_WORK REQUEST_:
I need each line of the entries below that includes the string "value".

═══ EXTRACTED RECORDS ═══

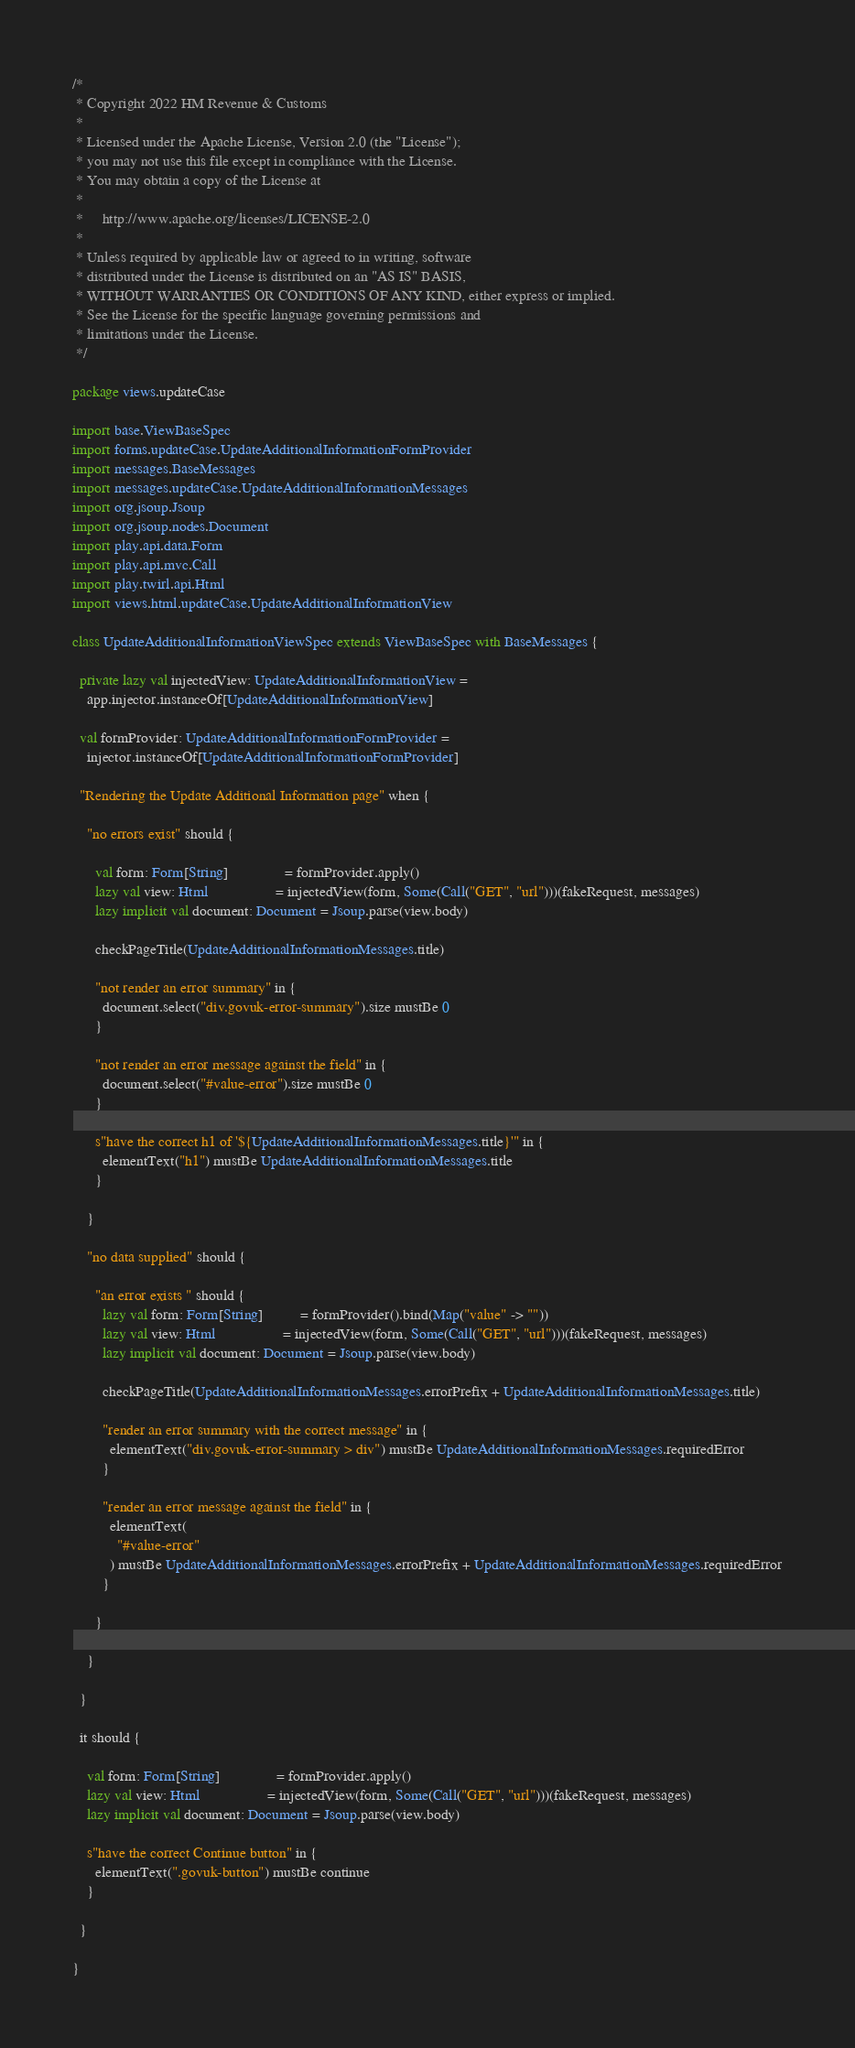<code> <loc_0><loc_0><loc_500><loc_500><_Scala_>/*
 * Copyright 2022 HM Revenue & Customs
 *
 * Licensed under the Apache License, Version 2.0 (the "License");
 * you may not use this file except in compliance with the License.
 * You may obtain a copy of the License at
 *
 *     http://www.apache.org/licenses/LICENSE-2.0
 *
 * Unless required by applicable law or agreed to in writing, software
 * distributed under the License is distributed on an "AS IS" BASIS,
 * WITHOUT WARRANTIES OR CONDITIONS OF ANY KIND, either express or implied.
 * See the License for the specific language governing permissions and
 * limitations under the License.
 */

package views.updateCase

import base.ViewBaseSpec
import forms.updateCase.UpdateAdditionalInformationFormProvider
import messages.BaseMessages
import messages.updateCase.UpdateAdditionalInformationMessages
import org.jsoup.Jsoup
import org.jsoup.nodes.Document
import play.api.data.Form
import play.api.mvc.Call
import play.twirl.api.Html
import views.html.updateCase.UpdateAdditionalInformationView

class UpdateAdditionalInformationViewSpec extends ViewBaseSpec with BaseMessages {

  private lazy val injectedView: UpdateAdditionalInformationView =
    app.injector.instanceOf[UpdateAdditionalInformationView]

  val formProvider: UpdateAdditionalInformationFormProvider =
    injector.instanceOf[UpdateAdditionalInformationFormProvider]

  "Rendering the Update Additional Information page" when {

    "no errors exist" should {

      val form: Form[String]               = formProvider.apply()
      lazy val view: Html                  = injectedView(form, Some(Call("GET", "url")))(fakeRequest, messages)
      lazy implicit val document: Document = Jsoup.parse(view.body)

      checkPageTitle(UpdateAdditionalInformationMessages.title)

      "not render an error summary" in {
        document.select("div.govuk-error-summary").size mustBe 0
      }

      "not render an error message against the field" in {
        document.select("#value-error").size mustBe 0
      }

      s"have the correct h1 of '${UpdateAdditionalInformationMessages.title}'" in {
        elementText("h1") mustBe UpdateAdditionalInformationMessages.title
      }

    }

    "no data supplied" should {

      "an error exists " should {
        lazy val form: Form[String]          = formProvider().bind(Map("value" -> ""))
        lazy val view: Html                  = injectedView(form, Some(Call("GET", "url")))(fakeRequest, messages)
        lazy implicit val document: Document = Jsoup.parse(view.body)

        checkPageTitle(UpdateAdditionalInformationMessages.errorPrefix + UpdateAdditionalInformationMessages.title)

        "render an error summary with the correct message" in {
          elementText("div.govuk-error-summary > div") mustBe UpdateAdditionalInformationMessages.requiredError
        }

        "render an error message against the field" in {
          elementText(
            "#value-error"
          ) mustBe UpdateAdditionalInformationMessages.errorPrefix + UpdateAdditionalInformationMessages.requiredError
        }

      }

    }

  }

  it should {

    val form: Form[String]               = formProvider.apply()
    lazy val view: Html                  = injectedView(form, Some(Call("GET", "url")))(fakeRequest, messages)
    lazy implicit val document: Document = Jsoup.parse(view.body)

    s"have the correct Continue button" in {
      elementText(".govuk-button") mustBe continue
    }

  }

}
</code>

═══

_REPLY_:
        document.select("#value-error").size mustBe 0
        lazy val form: Form[String]          = formProvider().bind(Map("value" -> ""))
            "#value-error"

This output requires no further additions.